Verso il processo sono il generale Tariq Sabir, Athar Kamel Mohamed Ibrahim, Uhsam Helmi, Magdi Ibrahim Abdelal Sharif. La notifica è avvenuta tramite un decreto di irreperibilità direttamente ai difensori di ufficio italiani non essendo mai pervenuta l’elezione di domicilio degli indagati dal Cairo. Proprio quest’ultimo punto era tra quelli oggetto della rogatoria avanzata nell'aprile del 2019 in cui i magistrati romani chiedevano risposte concrete agli omologhi egiziani.
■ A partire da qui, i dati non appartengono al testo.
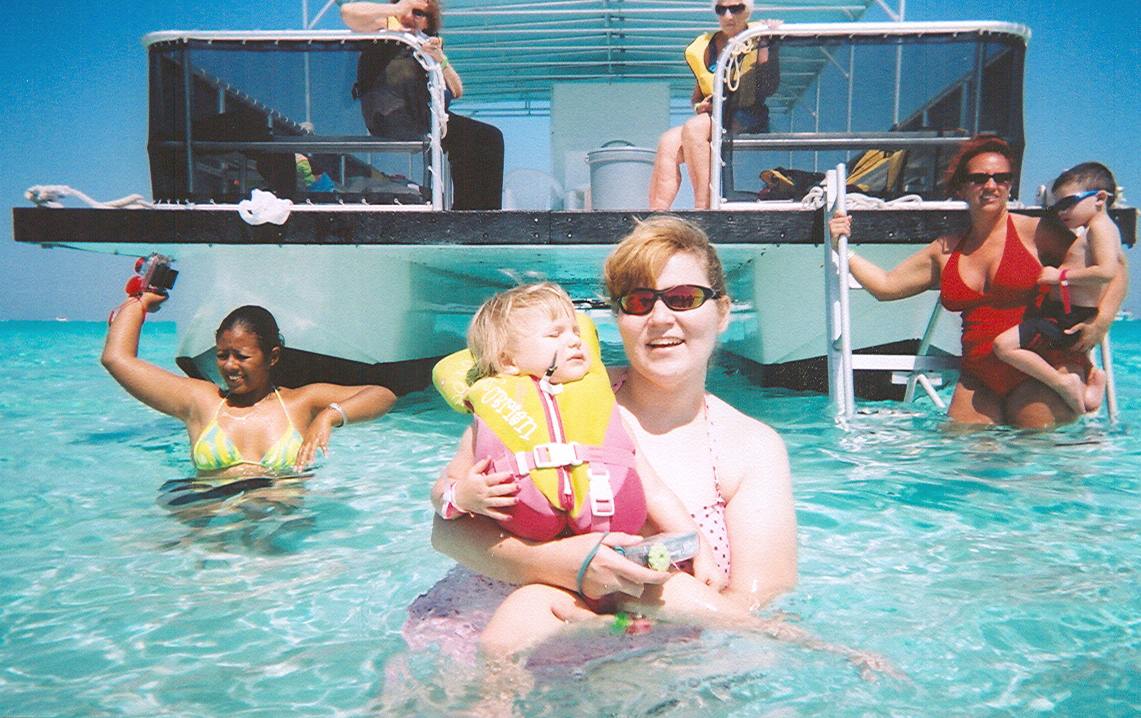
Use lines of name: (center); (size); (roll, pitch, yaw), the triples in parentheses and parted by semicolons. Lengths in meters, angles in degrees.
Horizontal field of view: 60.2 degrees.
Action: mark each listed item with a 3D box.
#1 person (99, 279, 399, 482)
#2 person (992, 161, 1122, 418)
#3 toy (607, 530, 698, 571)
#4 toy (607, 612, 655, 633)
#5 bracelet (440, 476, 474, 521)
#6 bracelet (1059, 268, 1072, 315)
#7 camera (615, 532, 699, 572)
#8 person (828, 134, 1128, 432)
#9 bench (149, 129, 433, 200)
person: (-2.200, 0.147, 6.987); (1.568, 1.719, 0.500); (-5, -39, -22)
person: (3.381, -0.375, 6.800); (0.799, 1.550, 0.449); (3, 8, 14)
toy: (0.350, 0.885, 4.556); (0.488, 0.149, 0.147); (-2, -3, -9)
toy: (0.286, 1.240, 4.616); (0.184, 0.077, 0.045); (1, 8, 0)
bracelet: (-0.518, 0.677, 4.691); (0.146, 0.165, 0.179); (1, -13, -2)
bracelet: (3.360, -0.454, 6.685); (0.093, 0.288, 0.071); (4, 9, 24)
camera: (0.437, 0.890, 4.556); (0.475, 0.143, 0.146); (-3, -6, -7)
person: (2.869, -0.553, 7.020); (1.196, 2.862, 1.633); (17, -24, -39)
bench: (-2.184, -1.420, 7.386); (1.388, 0.292, 1.199); (-1, 2, -5)
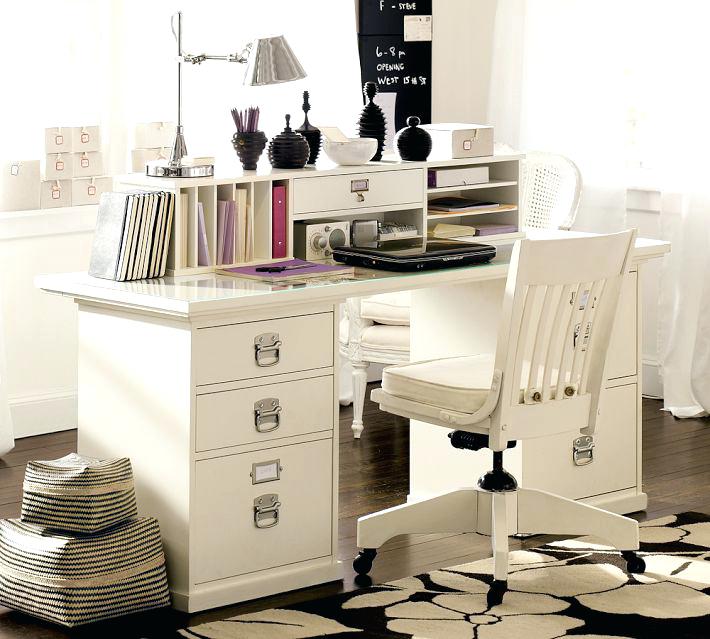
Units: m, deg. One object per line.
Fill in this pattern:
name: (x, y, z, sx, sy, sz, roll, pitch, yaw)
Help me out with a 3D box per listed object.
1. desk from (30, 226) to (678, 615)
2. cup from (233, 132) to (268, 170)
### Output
desk: (0.206, 0.235, 2.186, 1.528, 0.779, 0.958, -4, 3, -31)
cup: (-0.299, -0.482, 2.294, 0.108, 0.104, 0.104, 0, 2, 0)
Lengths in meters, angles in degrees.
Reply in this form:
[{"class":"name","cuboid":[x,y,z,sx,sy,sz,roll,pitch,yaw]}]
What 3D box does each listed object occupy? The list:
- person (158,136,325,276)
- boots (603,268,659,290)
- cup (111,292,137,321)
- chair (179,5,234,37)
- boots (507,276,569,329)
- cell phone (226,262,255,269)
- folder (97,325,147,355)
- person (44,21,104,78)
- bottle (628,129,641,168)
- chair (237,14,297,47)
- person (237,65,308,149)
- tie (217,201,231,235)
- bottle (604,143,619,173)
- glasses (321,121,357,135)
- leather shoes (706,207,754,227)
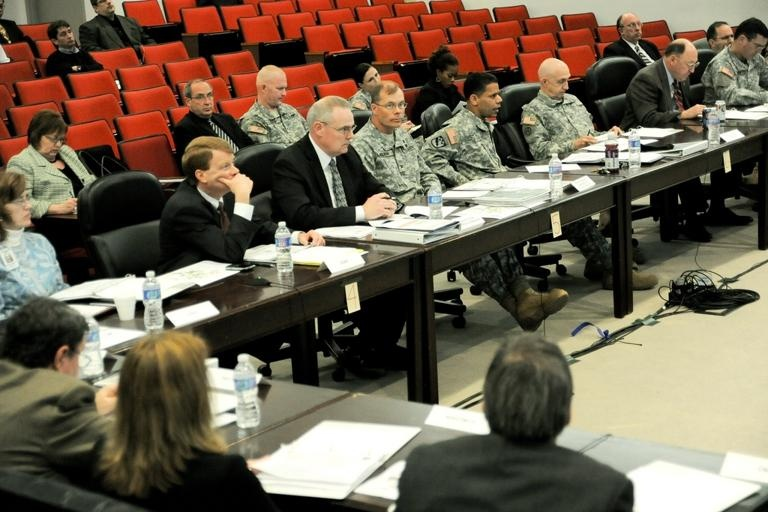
[{"class":"person","cuboid":[-0.816,-0.038,3.519,0.937,1.104,0.547,3,32,-8]},{"class":"boots","cuboid":[1.802,0.174,4.789,0.469,0.160,0.151,-2,15,1]},{"class":"cup","cuboid":[-1.053,0.211,2.581,0.104,0.094,0.114,-2,1,0]},{"class":"chair","cuboid":[-2.449,-3.233,8.950,0.543,0.564,0.609,-12,14,-31]},{"class":"boots","cuboid":[1.007,0.325,4.243,0.362,0.276,0.140,-39,-31,10]},{"class":"cell phone","cuboid":[-0.697,0.050,3.144,0.150,0.013,0.082,3,8,19]},{"class":"folder","cuboid":[-1.034,0.323,2.511,0.124,0.024,0.124,9,15,31]},{"class":"person","cuboid":[-3.595,-2.338,7.509,0.628,0.711,0.609,-13,31,-24]},{"class":"bottle","cuboid":[1.755,-0.743,4.529,0.083,0.248,0.341,-6,11,23]},{"class":"chair","cuboid":[-1.654,-3.106,8.845,0.576,0.601,0.637,-15,16,-35]},{"class":"person","cuboid":[-0.998,-1.324,5.802,0.525,0.709,0.902,12,26,6]},{"class":"tie","cuboid":[-0.832,-0.204,3.400,0.049,0.225,0.033,-7,18,-1]},{"class":"bottle","cuboid":[1.573,-0.679,4.449,0.100,0.200,0.200,-7,11,18]},{"class":"glasses","cuboid":[-0.260,-0.742,3.755,0.165,0.081,0.056,-12,11,-20]},{"class":"leather shoes","cuboid":[3.158,-0.353,5.940,0.550,0.176,0.153,-2,8,6]}]
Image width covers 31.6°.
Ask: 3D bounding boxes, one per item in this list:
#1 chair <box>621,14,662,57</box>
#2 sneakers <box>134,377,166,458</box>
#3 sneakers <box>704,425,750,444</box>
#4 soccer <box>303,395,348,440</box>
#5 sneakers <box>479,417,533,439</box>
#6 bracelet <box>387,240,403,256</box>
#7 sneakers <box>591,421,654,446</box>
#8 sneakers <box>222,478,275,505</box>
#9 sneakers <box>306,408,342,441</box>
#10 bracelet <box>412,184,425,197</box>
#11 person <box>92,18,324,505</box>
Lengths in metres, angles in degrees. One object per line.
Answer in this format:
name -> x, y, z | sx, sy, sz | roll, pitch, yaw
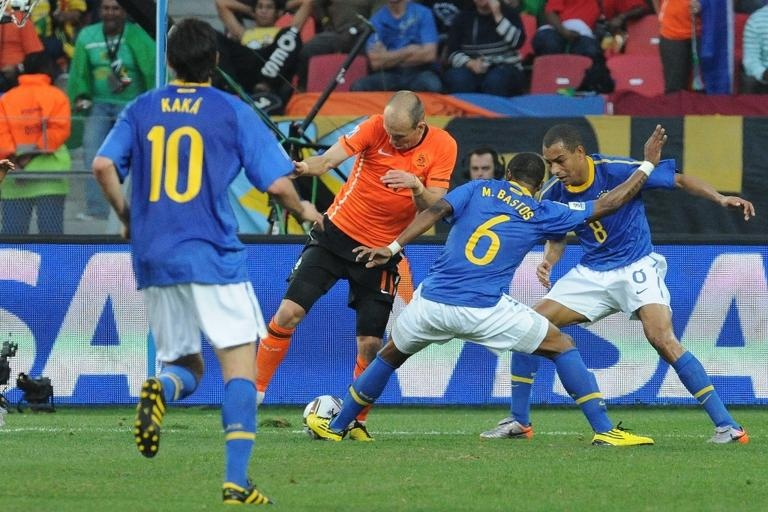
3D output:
chair -> 2.990, -2.587, 15.639 | 0.413, 0.552, 0.454 | 1, 8, 7
sneakers -> -1.685, 1.225, 10.208 | 0.203, 0.608, 0.291 | 0, -13, 7
sneakers -> 2.959, 1.561, 11.669 | 0.368, 0.160, 0.126 | 0, -4, 2
soccer -> -0.521, 1.405, 11.987 | 0.369, 0.307, 0.290 | -19, 26, -7
sneakers -> 1.135, 1.547, 12.068 | 0.515, 0.220, 0.179 | 3, -8, -2
bracelet -> 0.105, -0.079, 11.372 | 0.106, 0.127, 0.120 | -5, 23, -29
sneakers -> 2.028, 1.534, 11.614 | 0.603, 0.246, 0.199 | -1, -5, 0
sneakers -> -0.943, 1.750, 9.957 | 0.389, 0.165, 0.140 | 10, -5, -26
sneakers -> -0.494, 1.491, 11.757 | 0.395, 0.192, 0.143 | 27, 9, 5
bracelet -> 0.309, -0.554, 11.516 | 0.095, 0.096, 0.092 | -18, -13, 40
person -> -1.370, 0.006, 10.169 | 1.389, 3.576, 0.562 | 3, 3, 14
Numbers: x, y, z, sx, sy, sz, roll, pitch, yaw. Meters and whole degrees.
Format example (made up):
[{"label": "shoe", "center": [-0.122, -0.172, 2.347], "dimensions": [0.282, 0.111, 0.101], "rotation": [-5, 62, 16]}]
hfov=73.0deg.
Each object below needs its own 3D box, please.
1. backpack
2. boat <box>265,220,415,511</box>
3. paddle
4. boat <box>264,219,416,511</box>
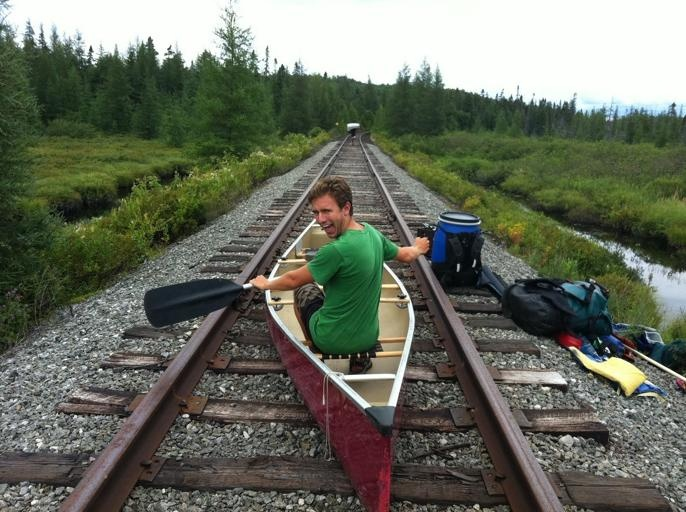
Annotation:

Richieste ribadite nei diversi incontri che negli anni si sono svolti tra investigatori e inquirenti italiani e egiziani ma che il Cairo ha lasciato inevase.
Le accuse
Ai quattro 007 egiziani accusati di aver rapito Giulio Regeni, e averlo tenuto prigioniero per 9 giorni, viene contestato il «sequestro di persona pluriaggravato in concorso tra loro e con altri soggetti allo stato non identificati». Questo quanto emerge nell'avviso di conclusioni indagini firmato dal procuratore, Michele Prestipino, e dal pm, Sergio Colaiocco. «A seguito della denuncia presentata, negli uffici della National security, - si legge nel 415 bis - da Said Mohamed Mohamed Abdallah, rappresentante del sindacato indipendente dei venditori ambulanti del Cairo ovest». «I quattro indagati - si legge ancora nell'atto - dopo aver osservato e controllato direttamente ed indirettamente, dall’autunno 2015 alla sera del 25 gennaio 2016, Giulio Regeni abusando delle loro qualità di pubblici ufficiali egiziani, lo bloccavano all’interno della metropolitana del Cairo e, dopo averlo condotto contro la sua volontà e al di fuori di ogni attività istituzionale, prima presso il commissariato di Dokki e successivamente presso un edificio a Lazougly, lo privavano della libertà personale per nove giorni».
In particolare, a Ibrahim Abdelal Sharif, a cui è contestato l'omicidio di Giulio si legge nell'atto: «Al fine di occultare la commissione dei delitti suindicati, abusando dei suoi poteri di pubblico ufficiale egiziano, con sevizie e crudeltà, mediante una violenta azione contusiva, esercitava sui vari distretti corporei cranico-cervico-dorsali, cagionava imponenti lesioni di natura traumatica a Giulio Regeni, da cui conseguiva una insufficienza respiratoria acuta di tipo centrale che lo portava a morte».